Sample Answer for NR 305 Discussion: Reflection on the Nurse’s Role in Health Assessment Included After Question
The purpose of this reflection is for learners to reflect on the nurse’s role in health assessment in various care settings.
Reflect on your current or prior practice setting.
- Paragraph One: Briefly describe the type(s) of nursing health assessments you commonly perform.
- Explain how your nursing health assessments are focused or comprehensive.
- Provide examples of key subjective and objective data collected by nurses in this setting.
- Paragraph Two: Describe the typical patient population in your practice setting.
- What are some special considerations that you have used for obtaining an accurate health history and physical assessment in this patient population?
- Examples may include age, lifestyle, financial status, health status, culture, religion, or spiritual practices.
A Sample Answer For the Assignment: NR 305 Discussion: Reflection on the Nurse’s Role in Health Assessment
Title: NR 305 Discussion: Reflection on the Nurse’s Role in Health Assessment
I work in on the Intermediate Care floor of my hospital. The process of my assessment can vary depending on the reason for admitting the patient. Most all assessments are head to toe assessments, but if the patient was admitted due to a stroke or head injury, we have to add in neuro checks. To start the assessment, I introduce myself to the patient and explain my role as their nurse and ask if I can begin the assessment. Then as I perform my assessment, I explain what I am doing and answer any questions they may have. I will ask them if they know what day it is, where they are, and why they were admitted to the hospital. When we get a new patient on the floor, every available nurse comes to help get the patient settled in.
The patient is then washed down with chlorhexadine wash, dried, we apply telemetry pads to their chest and a pulse oximeter to their finger, a blood pressure cuff to the accessible limb, put them in a clean gown, and go over the orders from the doctor. Should the patient need any labs immediately, it is the nurses job to collect the specimen and send it to the lab via pneumatic tube. I will go over the health history with the patient and ask if there is anyone they would like for me to contact or if they have a Medical Power of Attorney. I then write that info on the whiteboard in the patient’s room along with my name, my title, the CNA’s name, the date, day of the week, and I ask the patient what is the most important question they have for the care team that day.

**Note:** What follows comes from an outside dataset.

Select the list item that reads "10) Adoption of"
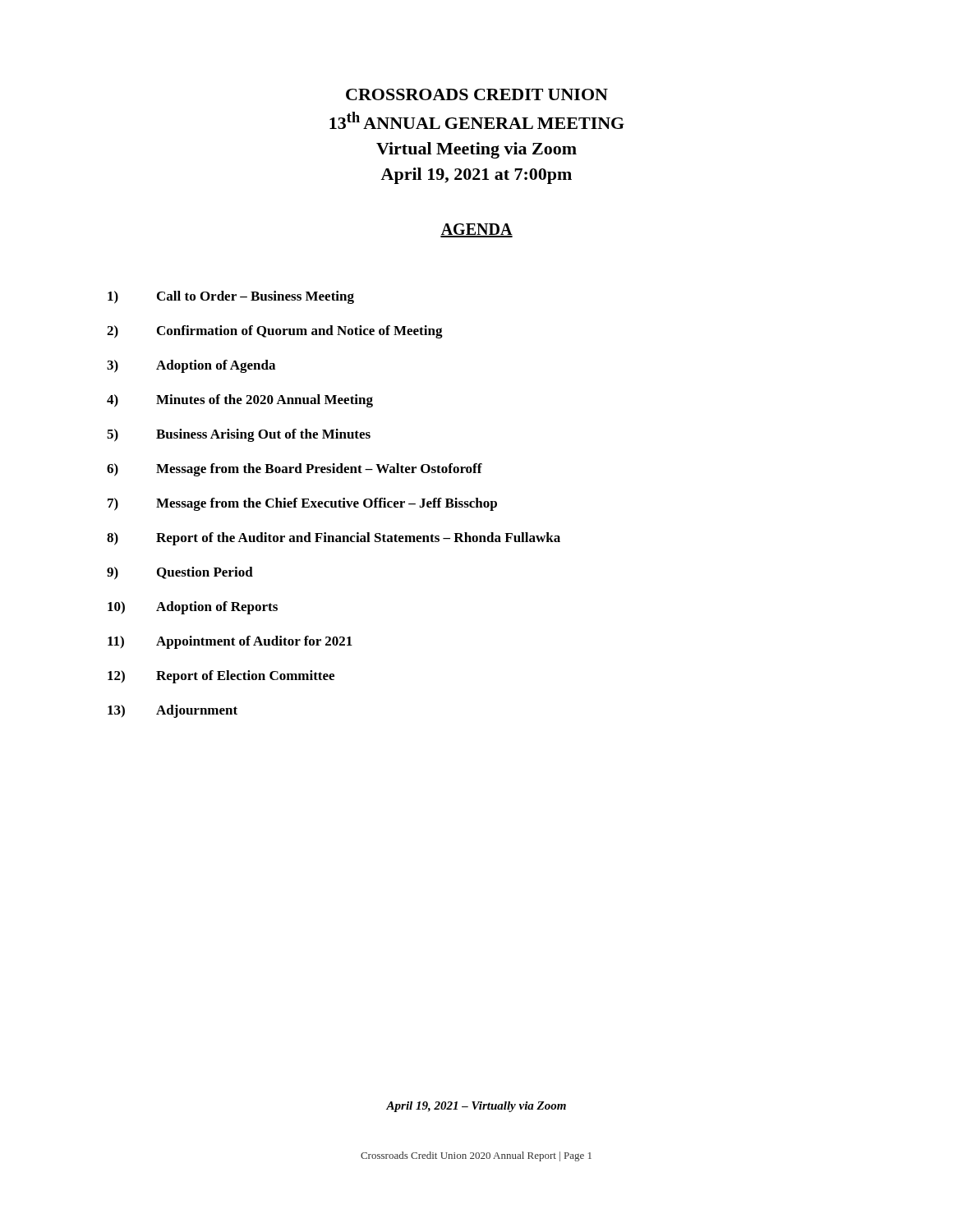953x1232 pixels. tap(192, 607)

I go over all of the patient’s medications and any OTCs they may be taking. I ask if the patient is having any pain and then check the MAR for medication for the pain, if any. Then I order the patient food if they are not NPO and let them settle in while I pull their meds and prepare to go through their chart to read about the patient diagnosis and what we are treating them for. That information will help me to adjust my assessment to to look for specific things. The majority of the population we see on outlr floor are older patients, although we may get some younger ones from time to time.
As I work in the Emergency Department, I typically preform more of a focused assessment. We see many patients during the day in the setting I work in, so we work up their chief complaint. Typically when I get a new patient I go into the room and triage them. This consists of asking them why there are here, checking vitals and obtaining a history on the patient as well as hooking them up to or monitors. This triage is when I collect the subjective data, I record what the patient tells me they are experiencing and about their pervious medical history. We then begin the workup to receive objective data about what is going on with the body. We do this by listening to the lungs and heart, doing ECG’s, drawing labs, and collecting urine.

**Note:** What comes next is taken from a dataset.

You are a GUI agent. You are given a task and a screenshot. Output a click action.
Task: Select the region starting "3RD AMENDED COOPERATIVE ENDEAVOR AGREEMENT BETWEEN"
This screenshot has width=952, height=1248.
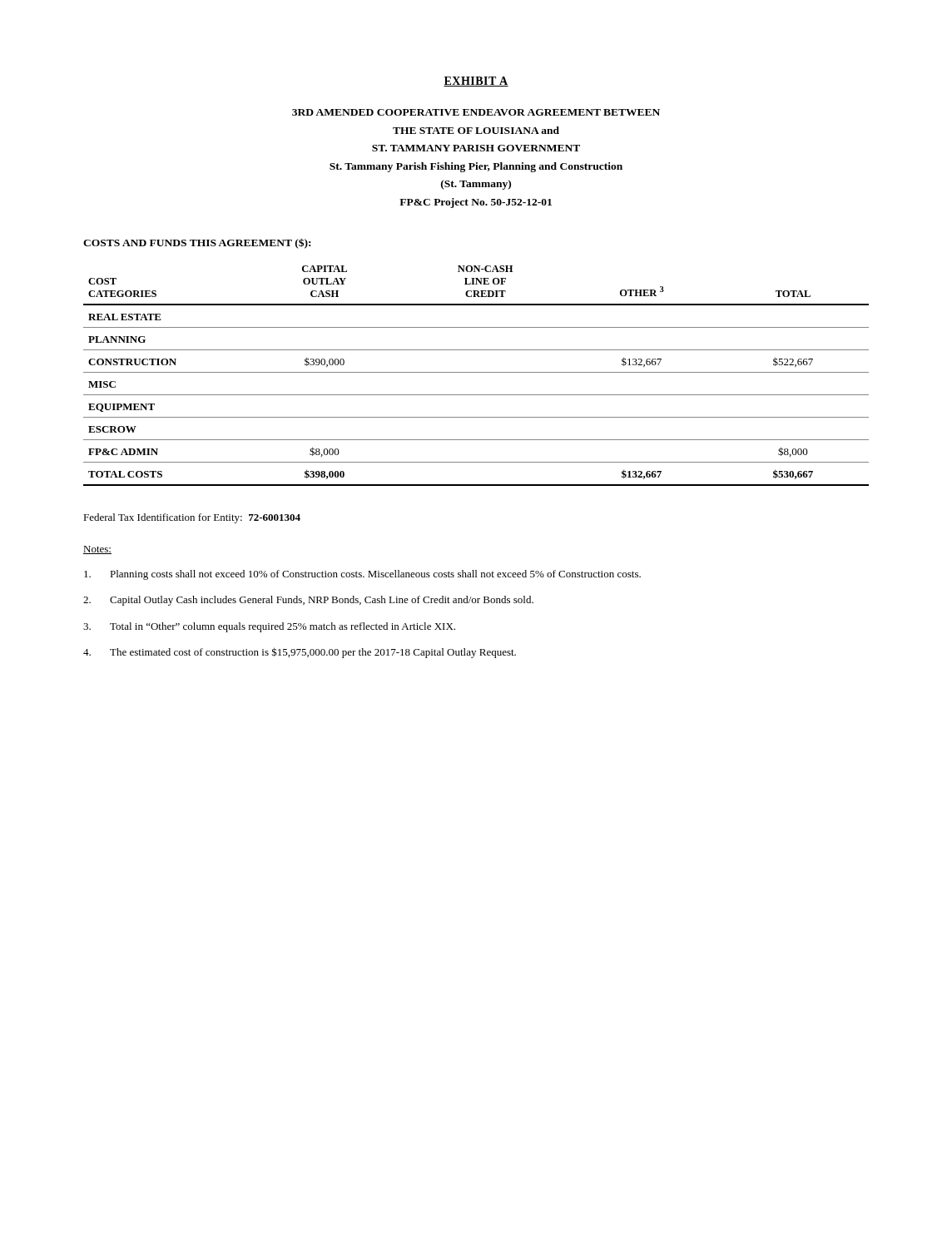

I work in West Virginia which is ranked to be one of the most obese states. With this statistic for out state we often see those that are diabetic patients which is important to keep into consideration. We also serve in an area that is heavily populated with drugs. Overdoses account for a percentage of our patients as we see atleast one a day. We must keep these two things into consideration when assessing our patients for the safety of their own health and saftey. Majority of our patients are ages 40-80, they do not live an active lifestyle. Many are homeless or do not work everyday. Many of our patients are of the lower class and may not get to eat everyday. Most of our patients are extremely ill weather it be acutely or chronically, however we see many more chronically ill patients that are there to be admitted to the hospital.
I work in Interventional Radiology at our local hospital. We mostly do focused assessments. We have patients come in for elective procedures for all different biopsies, lower extremity angiograms, port placements, dialysis and central line placements, lumbar punctures, myelograms, nephrostomy tube insertions and exchanges. We ask pertinent health history, allergies, medications. We look in the back of the patients mouth to confirm the mallampati score. We listen to the patient’s heart, lungs and abdomen and as were doing that we look at the patient’s skin for abnormalities.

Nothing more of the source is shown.